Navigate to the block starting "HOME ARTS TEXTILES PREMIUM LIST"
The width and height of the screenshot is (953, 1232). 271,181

☆ ☆ ☆ ☆

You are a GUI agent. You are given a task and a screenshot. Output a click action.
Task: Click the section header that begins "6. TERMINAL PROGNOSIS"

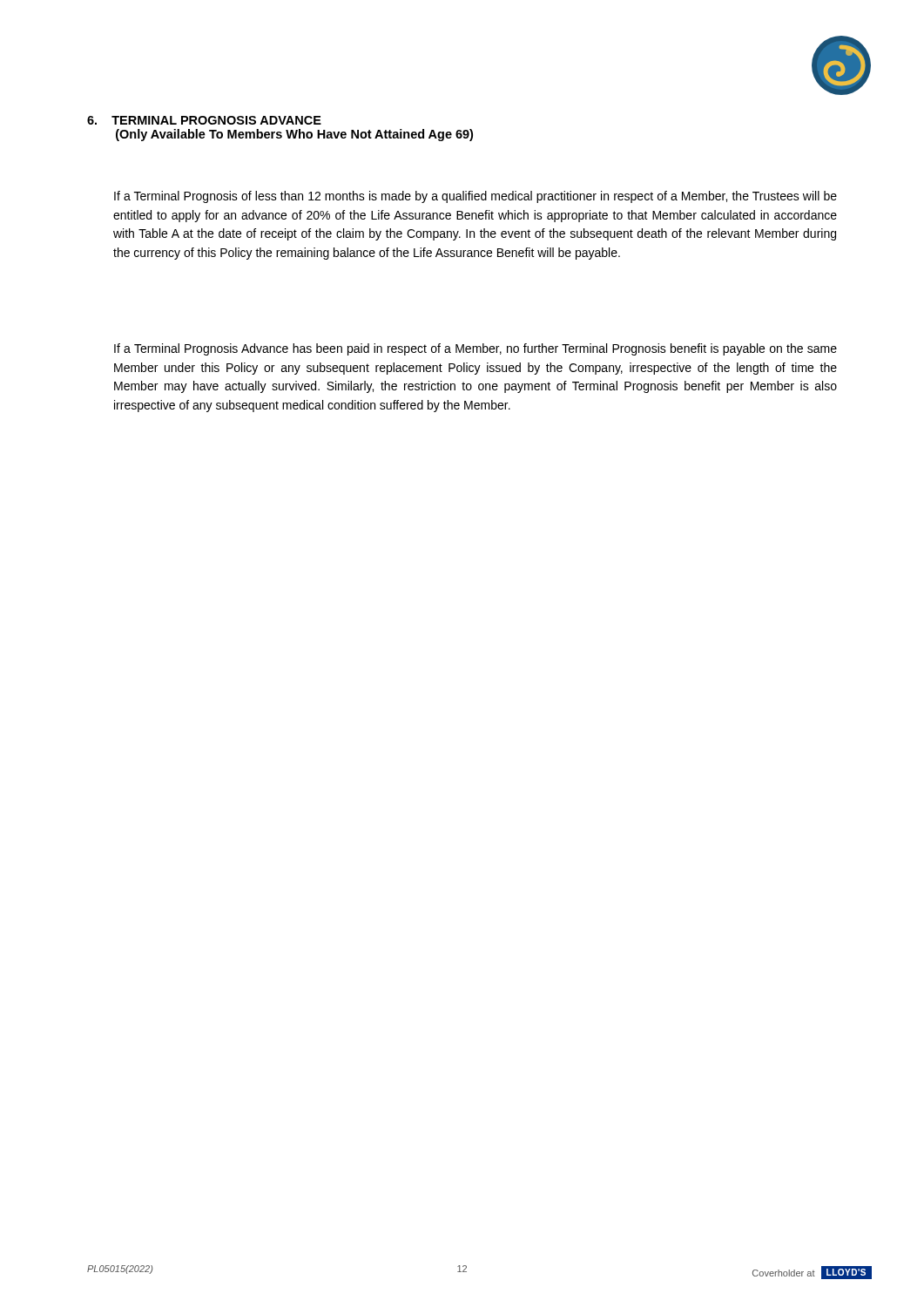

☆ ☆ ☆ ☆

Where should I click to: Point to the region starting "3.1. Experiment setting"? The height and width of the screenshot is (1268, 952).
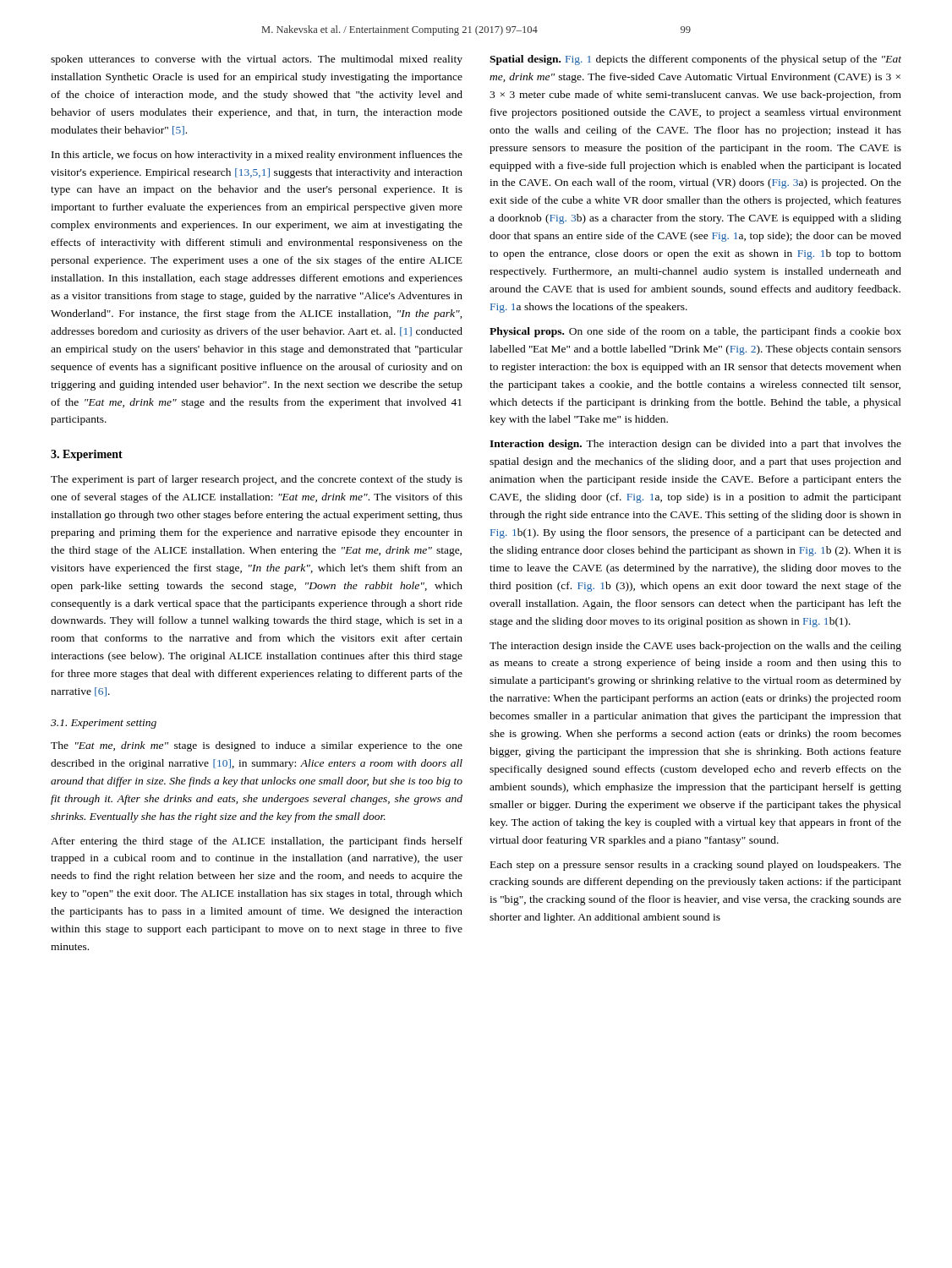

☆ ☆ ☆ ☆

Will you return exactly the lines above from the one with "You are a GUI" down to the one with "Task: Click the", counting both as part of the range?

■ THE ANSWER
You are a GUI agent. You are given a task and a screenshot. Output a click action.
Task: Click the section header that begins "6. TERMINAL PROGNOSIS"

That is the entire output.